**NOTE: This submission utilizes the maximum inference time limit, so depending on the situation, a submission scoring error may occur. 

However, you can succeed by trying multiple times.**

In [1]:
import tensorflow as tf
import numpy as np
import pandas as pd
import json
import os
from multiprocessing import cpu_count

def read_json_file(file_path):
    """Read a JSON file and parse it into a Python object.

    Args:
        file_path (str): The path to the JSON file to read.

    Returns:
        dict: A dictionary object representing the JSON data.
        
    Raises:
        FileNotFoundError: If the specified file path does not exist.
        ValueError: If the specified file path does not contain valid JSON data.
    """
    try:
        # Open the file and load the JSON data into a Python object
        with open(file_path, 'r') as file:
            json_data = json.load(file)
        return json_data
    except FileNotFoundError:
        # Raise an error if the file path does not exist
        raise FileNotFoundError(f"File not found: {file_path}")
    except ValueError:
        # Raise an error if the file does not contain valid JSON data
        raise ValueError(f"Invalid JSON data in file: {file_path}")

cpu_count()

2

In [2]:
train_df = pd.read_csv('/kaggle/input/asl-signs/train.csv')
print("\n\n... LOAD SIGN TO PREDICTION INDEX MAP FROM JSON FILE ...\n")
s2p_map = {k.lower():v for k,v in read_json_file(os.path.join("/kaggle/input/asl-signs/sign_to_prediction_index_map.json")).items()}
p2s_map = {v:k for k,v in read_json_file(os.path.join("/kaggle/input/asl-signs/sign_to_prediction_index_map.json")).items()}
encoder = lambda x: s2p_map.get(x.lower())
decoder = lambda x: p2s_map.get(x)
# print(s2p_map)
train_df['label'] = train_df.sign.map(encoder)

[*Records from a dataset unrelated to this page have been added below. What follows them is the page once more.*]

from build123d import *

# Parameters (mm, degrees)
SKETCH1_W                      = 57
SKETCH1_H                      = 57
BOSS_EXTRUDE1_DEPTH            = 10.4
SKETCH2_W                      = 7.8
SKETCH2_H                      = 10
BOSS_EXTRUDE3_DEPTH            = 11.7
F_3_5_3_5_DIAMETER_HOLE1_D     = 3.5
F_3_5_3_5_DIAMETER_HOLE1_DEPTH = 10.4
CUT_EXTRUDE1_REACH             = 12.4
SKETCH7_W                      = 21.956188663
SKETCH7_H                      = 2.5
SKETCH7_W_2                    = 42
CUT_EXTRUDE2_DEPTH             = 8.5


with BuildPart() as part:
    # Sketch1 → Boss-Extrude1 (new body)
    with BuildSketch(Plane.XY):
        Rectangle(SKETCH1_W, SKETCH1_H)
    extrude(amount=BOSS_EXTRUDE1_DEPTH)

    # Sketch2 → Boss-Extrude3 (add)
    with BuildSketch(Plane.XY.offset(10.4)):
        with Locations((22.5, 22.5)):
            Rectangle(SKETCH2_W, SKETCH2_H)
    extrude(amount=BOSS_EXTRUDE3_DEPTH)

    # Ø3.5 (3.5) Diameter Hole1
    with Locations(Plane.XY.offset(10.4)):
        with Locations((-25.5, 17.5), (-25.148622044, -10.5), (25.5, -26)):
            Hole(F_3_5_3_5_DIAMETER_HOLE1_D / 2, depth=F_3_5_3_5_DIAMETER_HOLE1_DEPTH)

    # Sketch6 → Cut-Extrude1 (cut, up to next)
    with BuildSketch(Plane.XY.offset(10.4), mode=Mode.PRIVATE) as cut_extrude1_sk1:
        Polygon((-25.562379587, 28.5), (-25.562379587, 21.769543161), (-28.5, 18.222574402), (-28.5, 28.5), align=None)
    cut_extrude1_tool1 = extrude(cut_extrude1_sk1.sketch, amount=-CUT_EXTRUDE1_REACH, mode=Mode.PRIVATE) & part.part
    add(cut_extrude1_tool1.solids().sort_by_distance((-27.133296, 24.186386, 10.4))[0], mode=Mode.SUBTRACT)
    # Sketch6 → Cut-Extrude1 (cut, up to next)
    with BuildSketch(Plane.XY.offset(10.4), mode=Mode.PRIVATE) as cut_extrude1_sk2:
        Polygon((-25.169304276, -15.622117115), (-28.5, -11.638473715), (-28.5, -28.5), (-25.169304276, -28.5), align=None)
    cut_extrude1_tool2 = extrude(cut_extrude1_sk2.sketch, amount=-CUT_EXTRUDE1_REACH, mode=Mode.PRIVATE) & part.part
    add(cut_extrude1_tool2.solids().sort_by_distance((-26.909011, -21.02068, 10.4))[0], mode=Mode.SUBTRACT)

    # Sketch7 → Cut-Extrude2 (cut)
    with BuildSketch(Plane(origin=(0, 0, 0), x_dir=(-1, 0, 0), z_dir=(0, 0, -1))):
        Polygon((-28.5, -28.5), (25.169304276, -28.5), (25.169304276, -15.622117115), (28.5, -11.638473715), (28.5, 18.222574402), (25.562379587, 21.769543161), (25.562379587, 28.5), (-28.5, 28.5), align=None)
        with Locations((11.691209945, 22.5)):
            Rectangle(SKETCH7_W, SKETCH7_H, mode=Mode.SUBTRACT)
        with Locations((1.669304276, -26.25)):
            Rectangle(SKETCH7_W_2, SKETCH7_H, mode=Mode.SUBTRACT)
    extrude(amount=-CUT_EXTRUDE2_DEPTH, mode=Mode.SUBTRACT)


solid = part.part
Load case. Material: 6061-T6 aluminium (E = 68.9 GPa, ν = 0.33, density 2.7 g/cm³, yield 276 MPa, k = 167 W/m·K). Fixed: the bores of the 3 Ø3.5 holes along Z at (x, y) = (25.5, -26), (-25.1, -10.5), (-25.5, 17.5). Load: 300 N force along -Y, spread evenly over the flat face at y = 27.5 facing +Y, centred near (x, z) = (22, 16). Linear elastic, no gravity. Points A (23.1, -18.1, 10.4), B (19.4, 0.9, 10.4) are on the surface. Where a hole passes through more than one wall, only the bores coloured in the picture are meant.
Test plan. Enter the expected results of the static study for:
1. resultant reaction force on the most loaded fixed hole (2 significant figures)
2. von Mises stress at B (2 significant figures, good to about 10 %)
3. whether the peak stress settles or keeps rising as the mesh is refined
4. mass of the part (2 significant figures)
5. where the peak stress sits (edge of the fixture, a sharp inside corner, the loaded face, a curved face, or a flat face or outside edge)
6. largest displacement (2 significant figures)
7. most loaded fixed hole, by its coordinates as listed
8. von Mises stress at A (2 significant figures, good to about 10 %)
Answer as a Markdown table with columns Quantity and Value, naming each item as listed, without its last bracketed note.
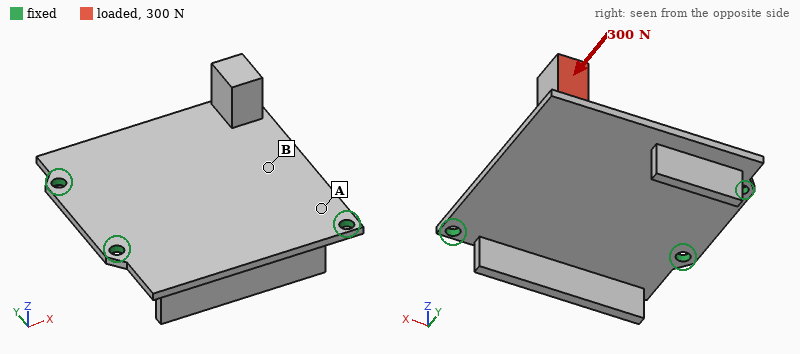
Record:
| Quantity | Value |
|---|---|
| resultant reaction force on the most loaded fixed hole | 220 N |
| von Mises stress at B | 49 MPa |
| whether the peak stress settles or keeps rising as the mesh is refined | keeps rising |
| mass of the part | 22 g |
| where the peak stress sits | edge of the fixture |
| largest displacement | 0.76 mm |
| most loaded fixed hole, by its coordinates as listed | (25.5, -26) |
| von Mises stress at A | 21 MPa |
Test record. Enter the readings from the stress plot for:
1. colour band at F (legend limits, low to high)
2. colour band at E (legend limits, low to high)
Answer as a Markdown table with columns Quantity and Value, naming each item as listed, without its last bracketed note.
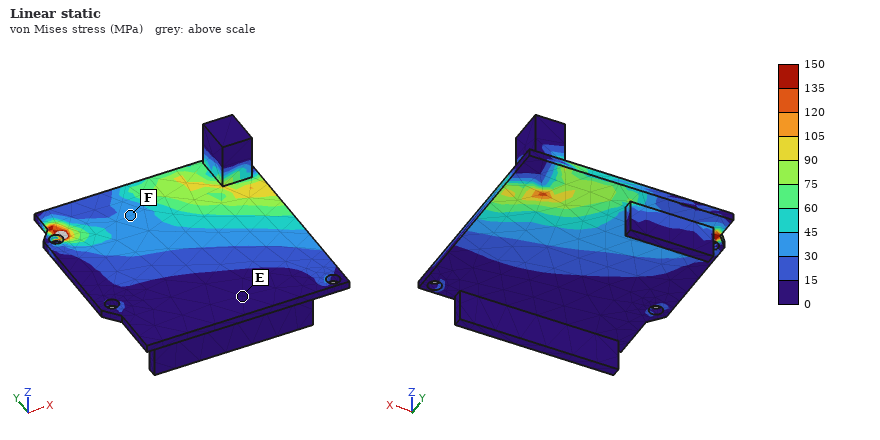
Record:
| Quantity | Value |
|---|---|
| colour band at F | 30 to 45 MPa |
| colour band at E | 0 to 15 MPa |
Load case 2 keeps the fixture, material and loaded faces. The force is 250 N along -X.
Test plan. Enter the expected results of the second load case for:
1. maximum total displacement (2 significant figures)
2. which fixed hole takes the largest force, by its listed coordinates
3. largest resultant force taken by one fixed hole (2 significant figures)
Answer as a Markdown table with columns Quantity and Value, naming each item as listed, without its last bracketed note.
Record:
| Quantity | Value |
|---|---|
| maximum total displacement | 0.65 mm |
| which fixed hole takes the largest force, by its listed coordinates | (-25.5, 17.5) |
| largest resultant force taken by one fixed hole | 180 N |
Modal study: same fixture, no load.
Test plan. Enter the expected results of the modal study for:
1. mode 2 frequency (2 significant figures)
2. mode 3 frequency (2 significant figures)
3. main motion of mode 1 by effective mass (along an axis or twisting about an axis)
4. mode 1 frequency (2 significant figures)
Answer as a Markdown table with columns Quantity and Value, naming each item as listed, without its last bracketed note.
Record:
| Quantity | Value |
|---|---|
| mode 2 frequency | 2700 Hz |
| mode 3 frequency | 2700 Hz |
| main motion of mode 1 by effective mass | along Z |
| mode 1 frequency | 730 Hz |
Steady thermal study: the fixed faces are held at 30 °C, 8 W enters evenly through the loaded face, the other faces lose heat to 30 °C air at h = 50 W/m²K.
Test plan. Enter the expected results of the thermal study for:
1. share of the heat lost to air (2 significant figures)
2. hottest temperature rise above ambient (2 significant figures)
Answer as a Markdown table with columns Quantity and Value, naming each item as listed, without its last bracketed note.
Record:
| Quantity | Value |
|---|---|
| share of the heat lost to air | 35 % |
| hottest temperature rise above ambient | 29 K |
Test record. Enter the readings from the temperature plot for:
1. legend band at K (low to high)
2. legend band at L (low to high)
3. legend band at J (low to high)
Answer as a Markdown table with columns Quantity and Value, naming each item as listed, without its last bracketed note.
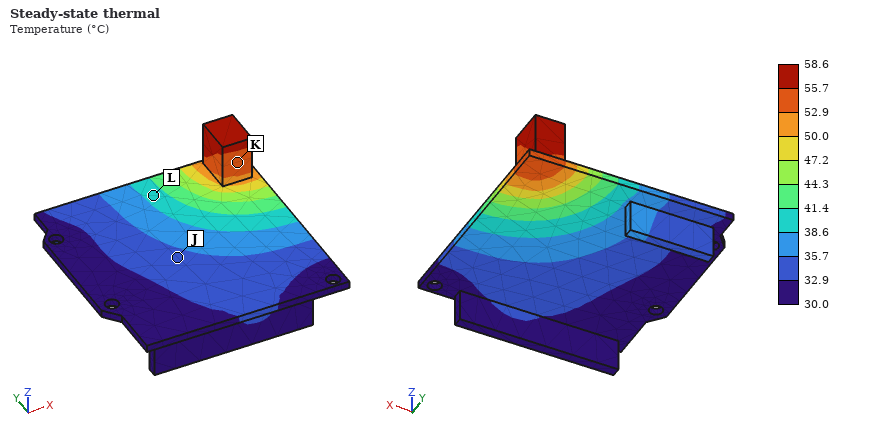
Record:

... LOAD SIGN TO PREDICTION INDEX MAP FROM JSON FILE ...



In [3]:
ROWS_PER_FRAME = 543
MAX_LEN = 384
CROP_LEN = MAX_LEN
NUM_CLASSES  = 250
PAD = -100.
NOSE=[
    1,2,98,327
]
LNOSE = [98]
RNOSE = [327]
LIP = [ 0, 
    61, 185, 40, 39, 37, 267, 269, 270, 409,
    291, 146, 91, 181, 84, 17, 314, 405, 321, 375,
    78, 191, 80, 81, 82, 13, 312, 311, 310, 415,
    95, 88, 178, 87, 14, 317, 402, 318, 324, 308,
]
LLIP = [84,181,91,146,61,185,40,39,37,87,178,88,95,78,191,80,81,82]
RLIP = [314,405,321,375,291,409,270,269,267,317,402,318,324,308,415,310,311,312]

POSE = [500, 502, 504, 501, 503, 505, 512, 513]
LPOSE = [513,505,503,501]
RPOSE = [512,504,502,500]

REYE = [
    33, 7, 163, 144, 145, 153, 154, 155, 133,
    246, 161, 160, 159, 158, 157, 173,
]
LEYE = [
    263, 249, 390, 373, 374, 380, 381, 382, 362,
    466, 388, 387, 386, 385, 384, 398,
]

LHAND = np.arange(468, 489).tolist()
RHAND = np.arange(522, 543).tolist()

POINT_LANDMARKS = LIP + LHAND + RHAND + NOSE + REYE + LEYE #+POSE

NUM_NODES = len(POINT_LANDMARKS)
CHANNELS = 6*NUM_NODES

print(NUM_NODES)
print(CHANNELS)

def tf_nan_mean(x, axis=0, keepdims=False):
    return tf.reduce_sum(tf.where(tf.math.is_nan(x), tf.zeros_like(x), x), axis=axis, keepdims=keepdims) / tf.reduce_sum(tf.where(tf.math.is_nan(x), tf.zeros_like(x), tf.ones_like(x)), axis=axis, keepdims=keepdims)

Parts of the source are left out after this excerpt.